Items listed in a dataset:

=== Begin Enclosure ===

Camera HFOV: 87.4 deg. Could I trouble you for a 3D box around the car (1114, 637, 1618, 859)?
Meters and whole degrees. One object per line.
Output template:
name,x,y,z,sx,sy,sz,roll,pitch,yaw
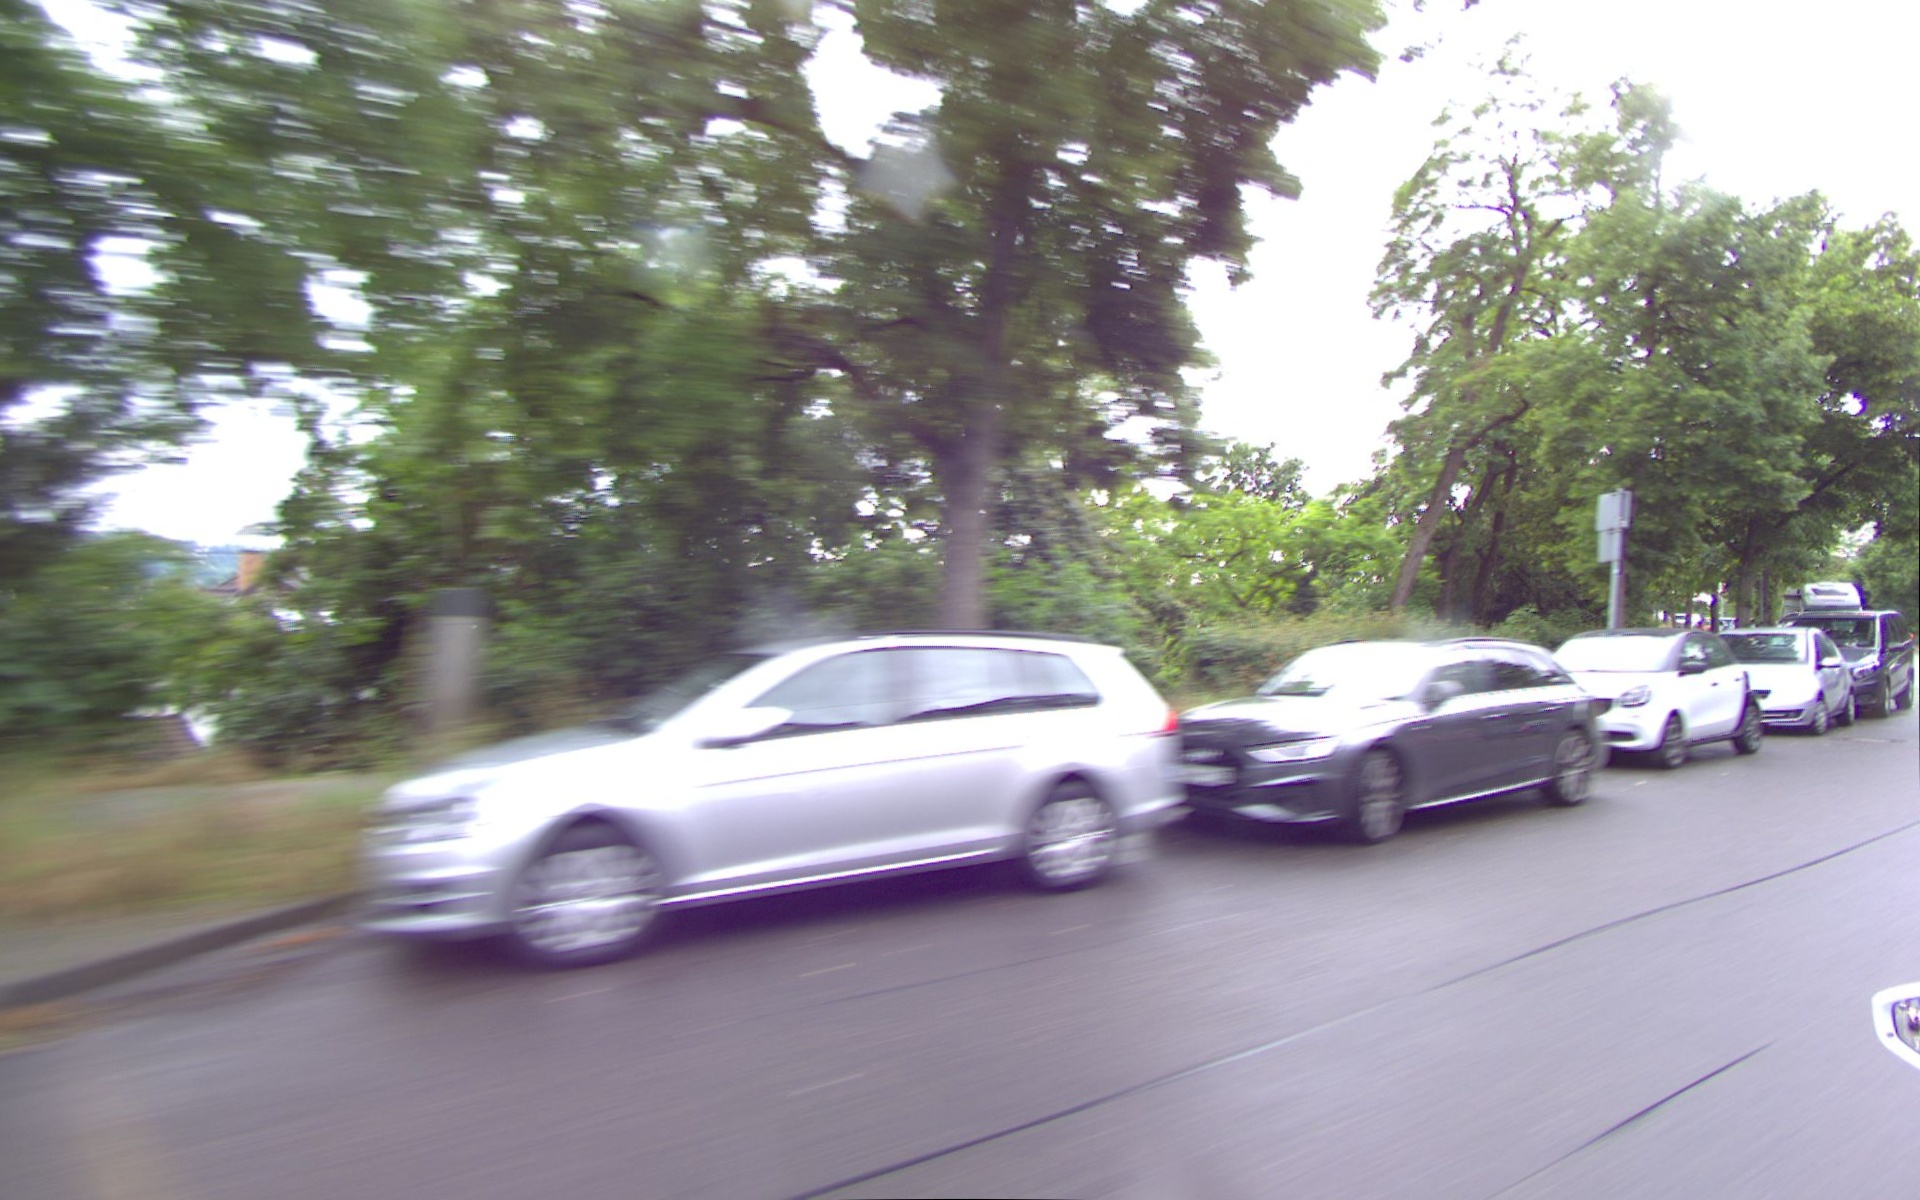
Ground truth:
car,3.491,1.028,8.313,4.455,1.398,1.673,2,-4,-34

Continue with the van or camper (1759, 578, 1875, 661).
van or camper,34.964,0.840,41.233,2.470,3.066,6.546,-3,-3,31

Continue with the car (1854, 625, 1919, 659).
car,48.521,2.162,52.639,1.795,1.638,3.778,0,-1,30

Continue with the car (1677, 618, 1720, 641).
car,47.377,1.876,64.517,1.966,1.424,4.701,0,-1,33

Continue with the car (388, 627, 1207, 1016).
car,-0.755,0.913,5.728,4.326,1.448,1.647,0,-2,-32

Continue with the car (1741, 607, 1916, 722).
car,17.373,1.189,19.996,4.963,1.993,1.937,0,-3,-42

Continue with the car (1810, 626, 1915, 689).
car,24.232,1.486,27.043,1.933,1.480,4.550,-2,-2,42

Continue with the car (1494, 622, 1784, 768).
car,8.507,1.092,12.473,4.166,1.529,1.672,2,-4,-37

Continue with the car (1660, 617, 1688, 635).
car,61.902,2.272,87.129,1.666,1.456,4.245,-3,-3,33

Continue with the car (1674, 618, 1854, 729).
car,12.976,1.140,16.143,3.739,1.572,1.668,2,-4,-42

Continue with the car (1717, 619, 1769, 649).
car,42.639,1.808,54.754,1.967,1.424,4.698,0,0,35
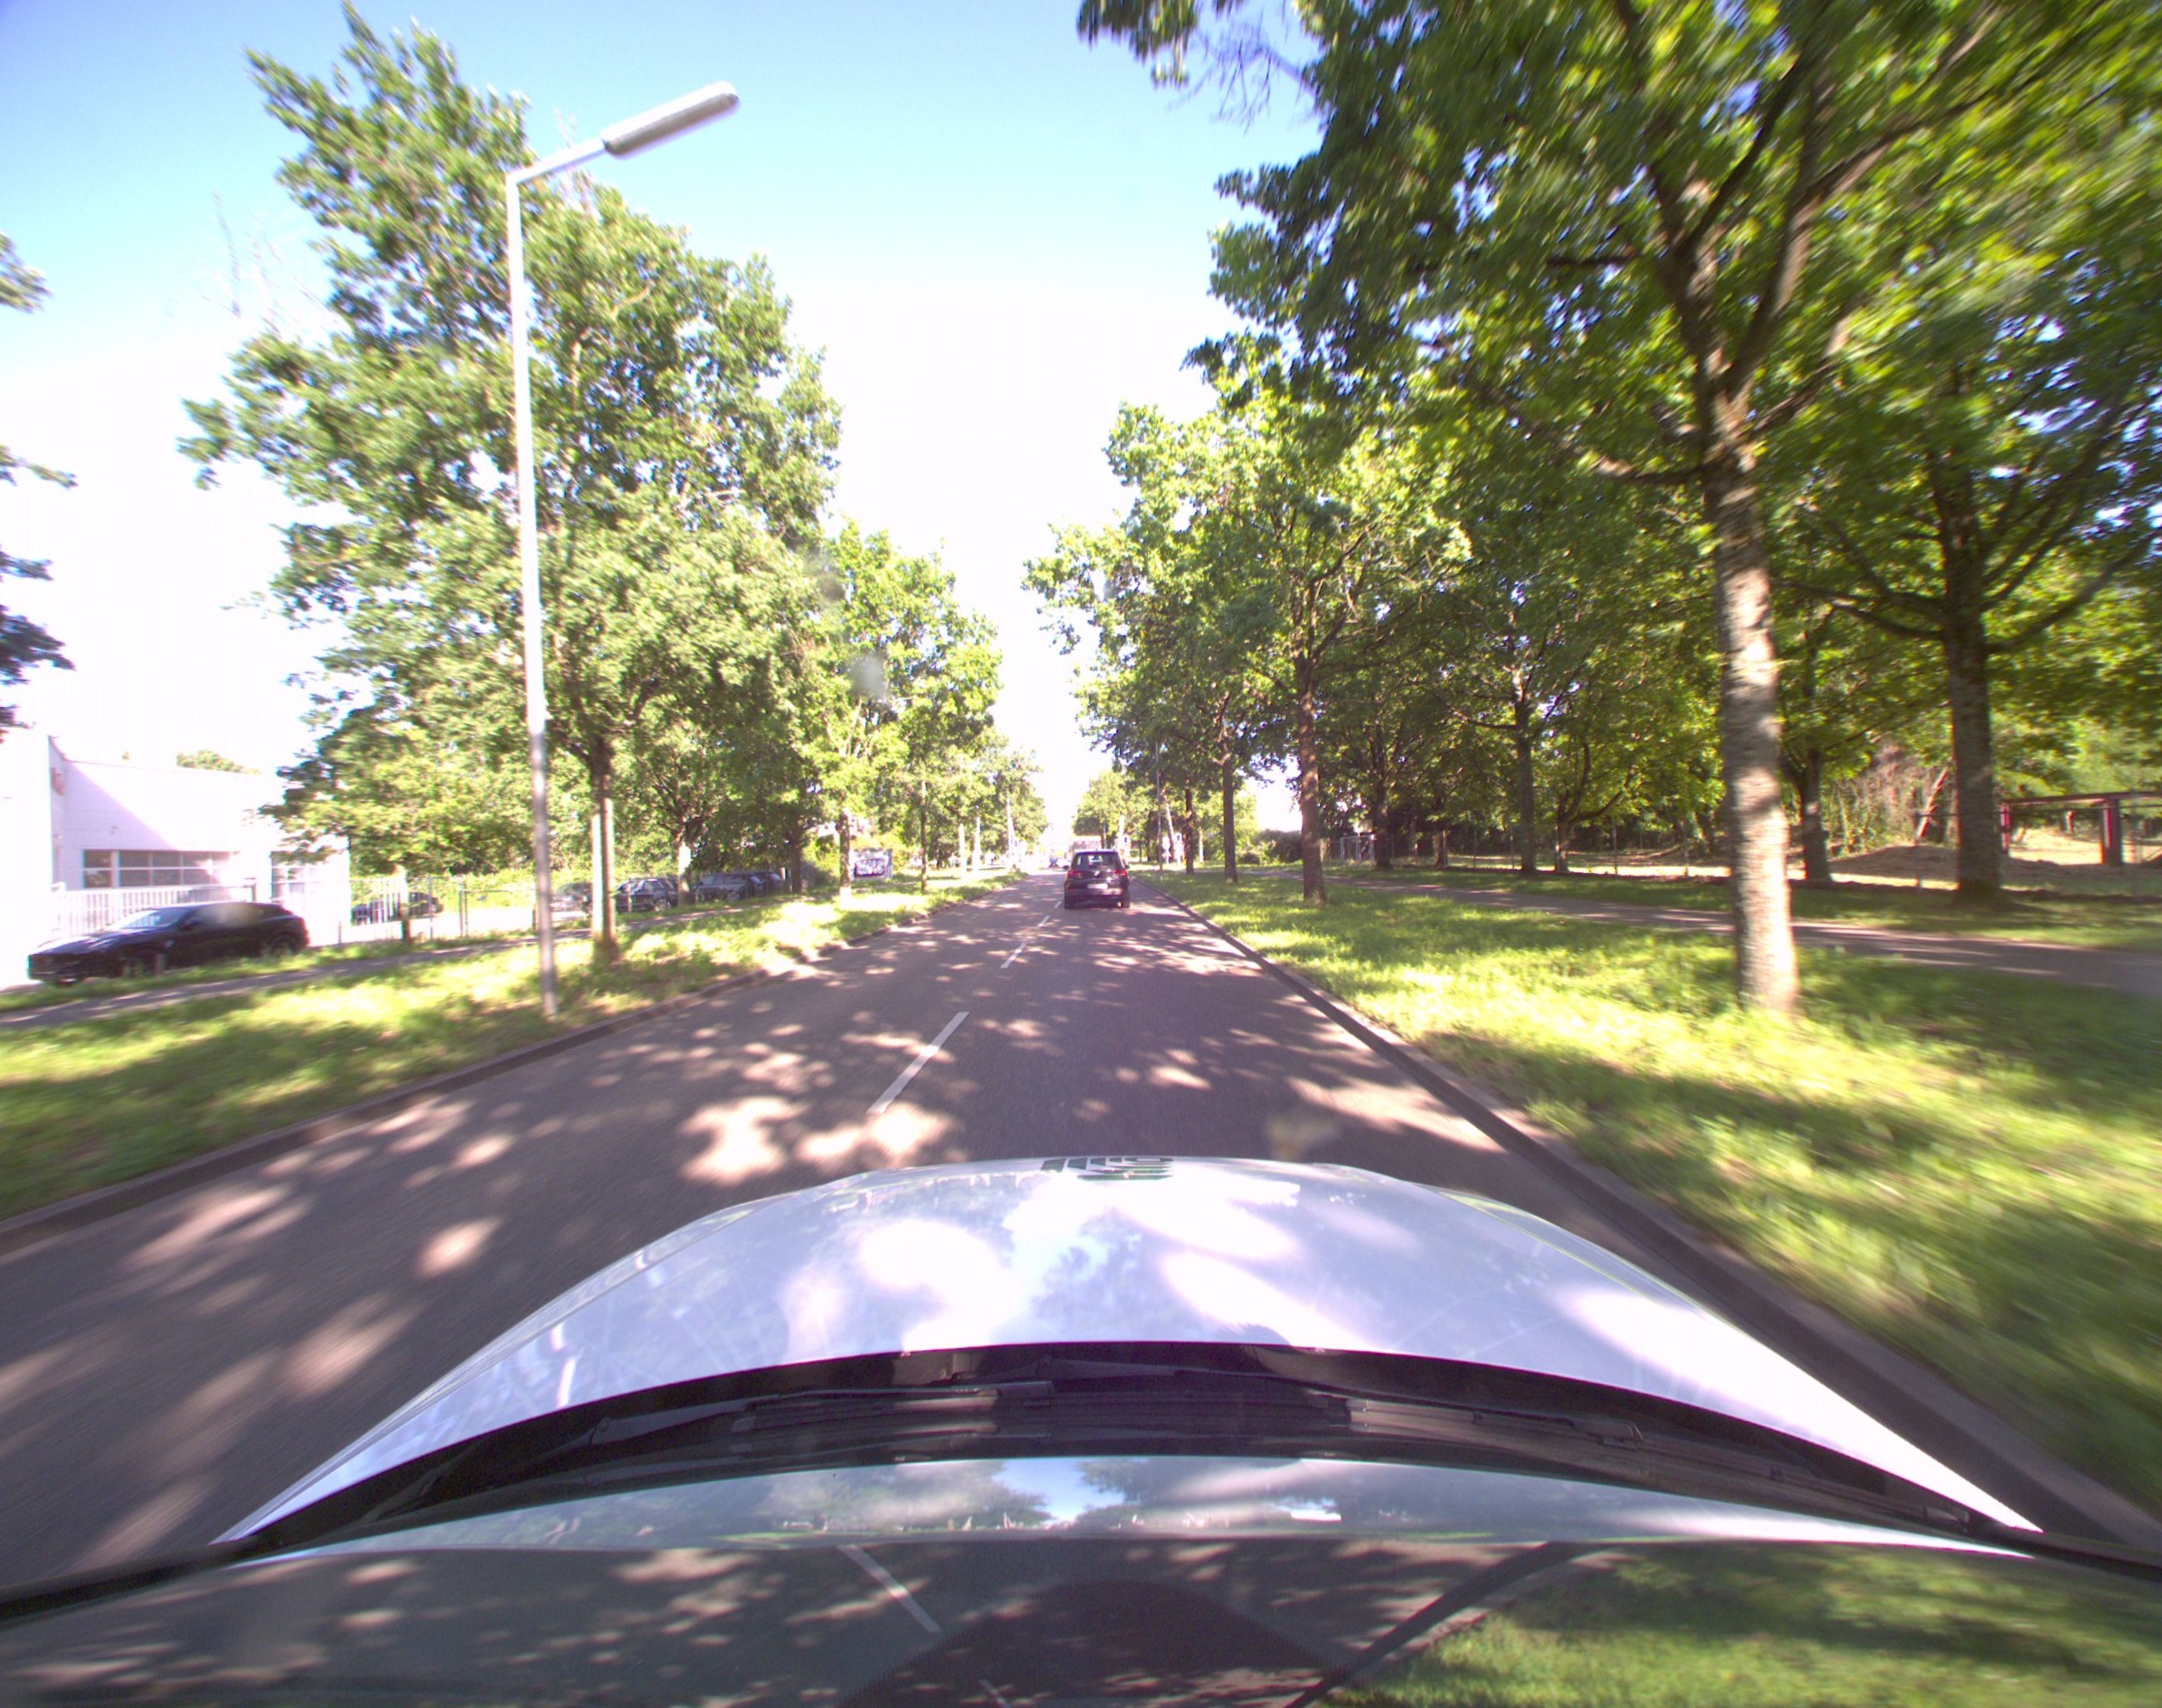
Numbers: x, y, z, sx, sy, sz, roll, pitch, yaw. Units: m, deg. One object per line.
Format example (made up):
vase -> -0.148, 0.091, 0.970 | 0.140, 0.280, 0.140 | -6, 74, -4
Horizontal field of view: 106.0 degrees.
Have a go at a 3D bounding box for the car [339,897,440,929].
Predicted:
car -> -40.539, 3.422, 47.940 | 1.990, 1.566, 4.877 | 0, 0, -4

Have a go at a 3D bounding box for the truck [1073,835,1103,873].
truck -> 0.638, -0.011, 74.931 | 2.503, 3.243, 8.152 | -2, 0, 0

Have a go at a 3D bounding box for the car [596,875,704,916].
car -> -20.076, 1.912, 38.116 | 3.981, 1.801, 1.996 | 0, 0, -6

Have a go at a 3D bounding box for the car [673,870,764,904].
car -> -20.375, 1.859, 45.897 | 4.181, 1.801, 1.998 | 0, 0, -4

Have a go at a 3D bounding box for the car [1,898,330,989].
car -> -21.012, 1.969, 19.140 | 1.986, 1.598, 5.016 | 0, 0, 1

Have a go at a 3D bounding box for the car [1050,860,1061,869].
car -> -4.186, 1.736, 133.195 | 1.559, 1.504, 4.003 | 0, 0, 3

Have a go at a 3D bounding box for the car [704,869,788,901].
car -> -20.014, 1.846, 48.748 | 4.181, 1.801, 1.998 | 0, 0, -4

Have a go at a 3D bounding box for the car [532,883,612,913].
car -> -30.545, 2.614, 49.054 | 1.990, 1.566, 4.877 | 0, 0, -4

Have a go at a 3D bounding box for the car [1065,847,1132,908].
car -> 0.489, 0.639, 23.751 | 1.776, 1.633, 4.000 | 0, 0, 1

=== End Enclosure ===

Copy the records above exactly. The pictures are not part of the copy.

> **Answer for the task**:
Camera HFOV: 87.4 deg. Could I trouble you for a 3D box around the car (1114, 637, 1618, 859)?
Meters and whole degrees. One object per line.
Output template:
name,x,y,z,sx,sy,sz,roll,pitch,yaw
Ground truth:
car,3.491,1.028,8.313,4.455,1.398,1.673,2,-4,-34

Continue with the van or camper (1759, 578, 1875, 661).
van or camper,34.964,0.840,41.233,2.470,3.066,6.546,-3,-3,31

Continue with the car (1854, 625, 1919, 659).
car,48.521,2.162,52.639,1.795,1.638,3.778,0,-1,30

Continue with the car (1677, 618, 1720, 641).
car,47.377,1.876,64.517,1.966,1.424,4.701,0,-1,33

Continue with the car (388, 627, 1207, 1016).
car,-0.755,0.913,5.728,4.326,1.448,1.647,0,-2,-32

Continue with the car (1741, 607, 1916, 722).
car,17.373,1.189,19.996,4.963,1.993,1.937,0,-3,-42

Continue with the car (1810, 626, 1915, 689).
car,24.232,1.486,27.043,1.933,1.480,4.550,-2,-2,42

Continue with the car (1494, 622, 1784, 768).
car,8.507,1.092,12.473,4.166,1.529,1.672,2,-4,-37

Continue with the car (1660, 617, 1688, 635).
car,61.902,2.272,87.129,1.666,1.456,4.245,-3,-3,33

Continue with the car (1674, 618, 1854, 729).
car,12.976,1.140,16.143,3.739,1.572,1.668,2,-4,-42

Continue with the car (1717, 619, 1769, 649).
car,42.639,1.808,54.754,1.967,1.424,4.698,0,0,35
Numbers: x, y, z, sx, sy, sz, roll, pitch, yaw. Units: m, deg. One object per line.
Format example (made up):
vase -> -0.148, 0.091, 0.970 | 0.140, 0.280, 0.140 | -6, 74, -4
Horizontal field of view: 106.0 degrees.
Have a go at a 3D bounding box for the car [339,897,440,929].
Predicted:
car -> -40.539, 3.422, 47.940 | 1.990, 1.566, 4.877 | 0, 0, -4

Have a go at a 3D bounding box for the truck [1073,835,1103,873].
truck -> 0.638, -0.011, 74.931 | 2.503, 3.243, 8.152 | -2, 0, 0

Have a go at a 3D bounding box for the car [596,875,704,916].
car -> -20.076, 1.912, 38.116 | 3.981, 1.801, 1.996 | 0, 0, -6

Have a go at a 3D bounding box for the car [673,870,764,904].
car -> -20.375, 1.859, 45.897 | 4.181, 1.801, 1.998 | 0, 0, -4

Have a go at a 3D bounding box for the car [1,898,330,989].
car -> -21.012, 1.969, 19.140 | 1.986, 1.598, 5.016 | 0, 0, 1

Have a go at a 3D bounding box for the car [1050,860,1061,869].
car -> -4.186, 1.736, 133.195 | 1.559, 1.504, 4.003 | 0, 0, 3

Have a go at a 3D bounding box for the car [704,869,788,901].
car -> -20.014, 1.846, 48.748 | 4.181, 1.801, 1.998 | 0, 0, -4

Have a go at a 3D bounding box for the car [532,883,612,913].
car -> -30.545, 2.614, 49.054 | 1.990, 1.566, 4.877 | 0, 0, -4

Have a go at a 3D bounding box for the car [1065,847,1132,908].
car -> 0.489, 0.639, 23.751 | 1.776, 1.633, 4.000 | 0, 0, 1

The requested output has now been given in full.